Here's my take on the best approach to this mess for those who are at least seven to 10 years from retirement. (I'll follow up with thoughts for those approaching or in retirement in a separate article.)

Things to do
Do remember that bear markets, even scary churning bear markets where everyone's fear levels seem fixed at near-panic levels, are a normal feature of our markets. They've happened before, they'll happen again, and this too shall pass -- in all likelihood, long before it's time for you and me to retire. There's no reason for us to panic, even if the pros are.

Do remember that the most apocalyptic predictions you see in the media are unlikely to come to pass. Apocalyptic predictions seem to be a feature of bear market periods -- some experts believe that a spike in doomsaying is a sign that the bottom is nigh, and yes, some people try to track this sort of thing. You and I are best served by shrugging it off.

(If all else fails and you can't escape the feeling that the Second Great Depression is upon us, do remember that even during the original much-ballyhooed Depression, most of the economy recovered after seven years or so. No economic condition is permanent.)

Do be somewhat conservative with new investments -- but do keep investing. I've been saying that this is a great time to pick up dividend-paying blue chips, the kinds of stocks you can hold for decades. I'll totally understand if you want to avoid JPMorgan Chase (NYSE: JPM), Goldman Sachs (NYSE: GS), or Bank of New York Mellon (NYSE: BK) for a while. But I think stocks like Pfizer (NYSE: PFE) and Automatic Data Processing (NYSE: ADP) -- which are both somewhat recession-resistant, pay good dividends, and are likely to be around for the long haul -- are worth a look at these prices, as are beaten-up stalwarts like Starbucks (Nasdaq: SBUX) and American Express (NYSE: AXP), both of which I bought recently.

Do keep contributing to your 401(k), do keep dollar-cost averaging into long-term investments like index funds, and do keep the long term in mind.
The list of don'ts What fun is a list of Dos without a list of Don'ts?

Don't completely bail out of stocks. Dial down your risk level if you must, but remember that market turnarounds tend to be sudden and sharp -- you don't want to be chasing that train when it comes.

At the same time, don't be too aggressive with smaller growth stocks unless the argument for them is really, really compelling -- and takes economic uncertainty into account. Forward earnings projections, never worth putting much faith in, are particularly worthless in the face of an extended period of economic turmoil.

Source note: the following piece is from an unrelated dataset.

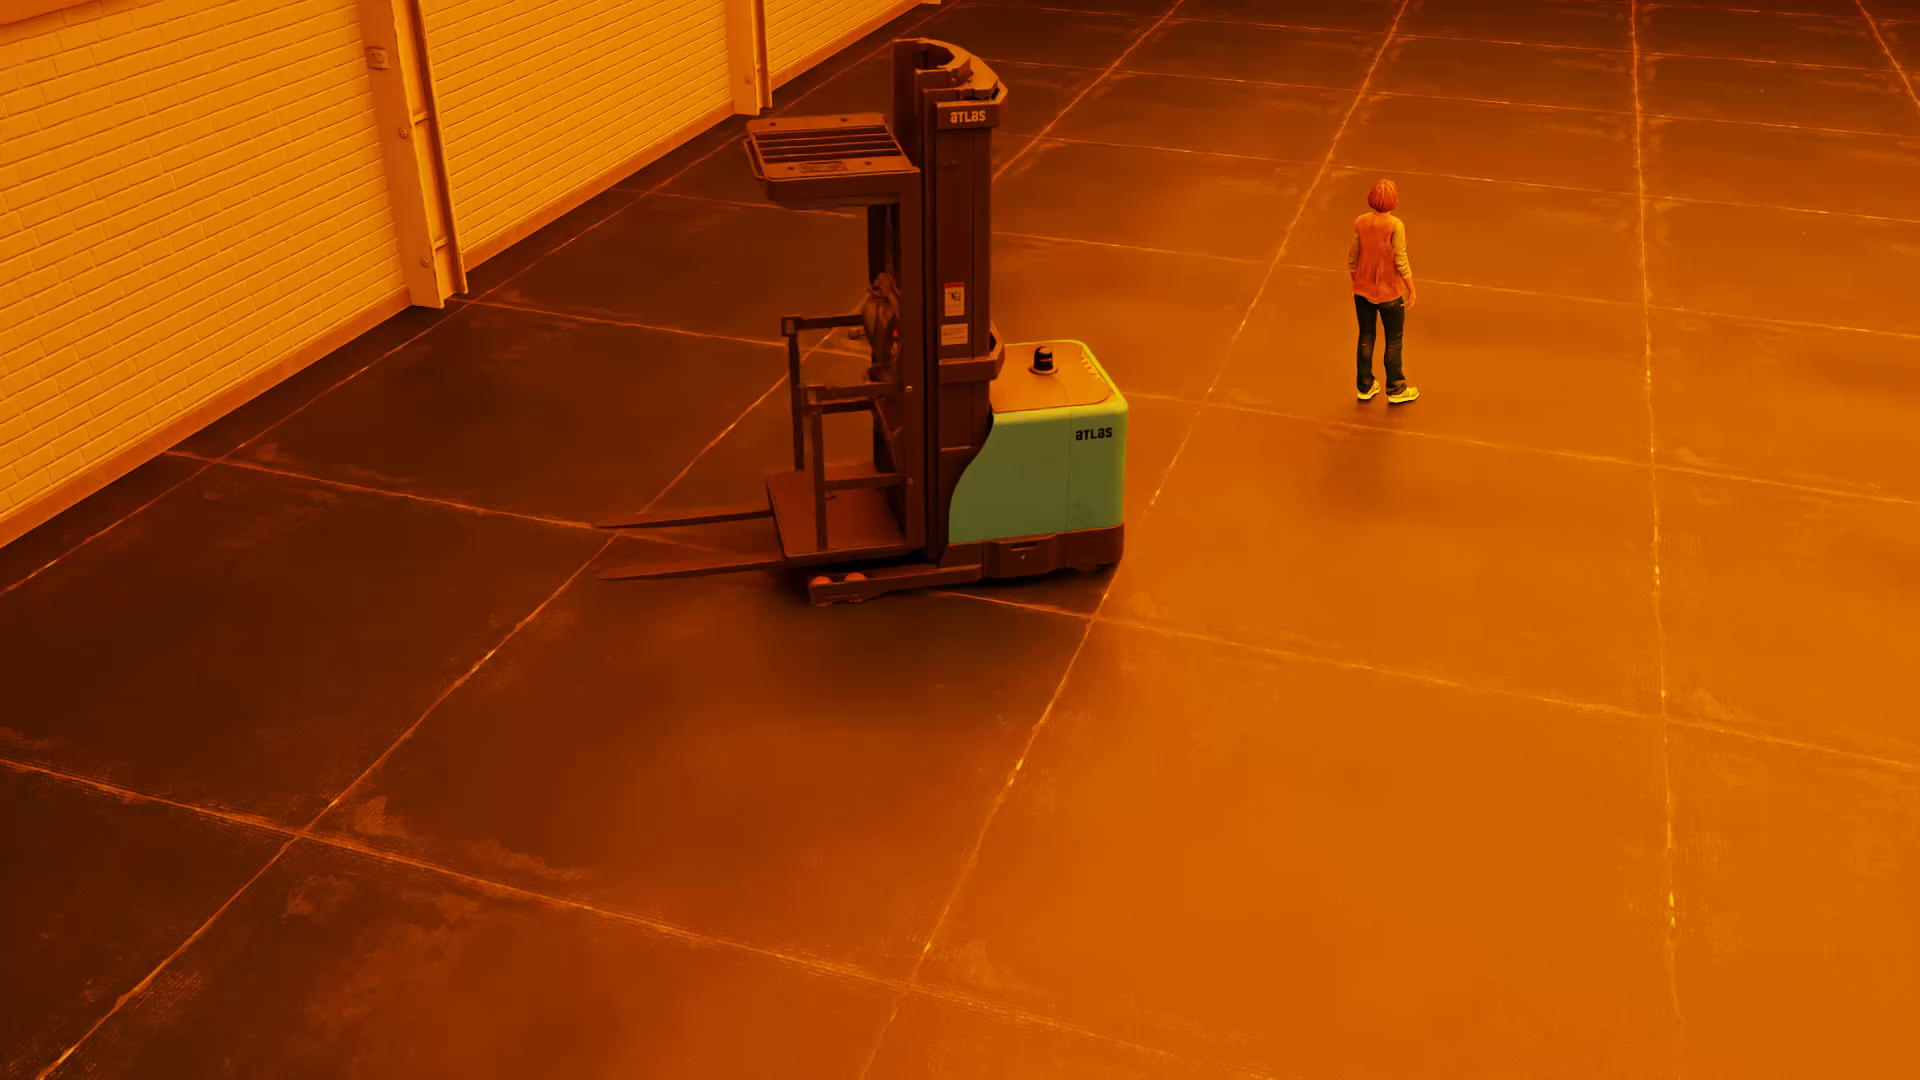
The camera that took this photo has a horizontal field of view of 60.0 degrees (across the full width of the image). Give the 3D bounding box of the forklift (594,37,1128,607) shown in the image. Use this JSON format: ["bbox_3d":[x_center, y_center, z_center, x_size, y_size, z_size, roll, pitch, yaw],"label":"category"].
[{"bbox_3d":[-0.613,-1.182,9.209,3.031,2.935,1.130,-6,30,-11],"label":"forklift"}]

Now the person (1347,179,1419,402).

Don't try to rebalance your portfolio right now. I heard an investment advisor on a local radio station suggest rebalancing at the height of the volatility last week. That seems like a bad idea to me. Rebalancing involves selling investments that have gone up and buying more of those that have gone down. In a highly volatile market, that seems likely to be frustrating at best -- and possibly a very bad idea.

Don't hold your employer's stock. This isn't a good idea any time, but it's a particularly bad one now. If your company hits the skids and you get laid off, that's bad, but at least your 401(k) will be OK -- unless it's built around the same company. Diversify your risks, both in your portfolio and with the rest of your finances.

And most importantly ... Don't panic.

Panic leads folks to make all kinds of bad decisions. Now is an excellent time to skip the business section of the paper, turn off CNBC, and go for a walk or something instead. The market's story will unfold whether we're paying attention to it or not.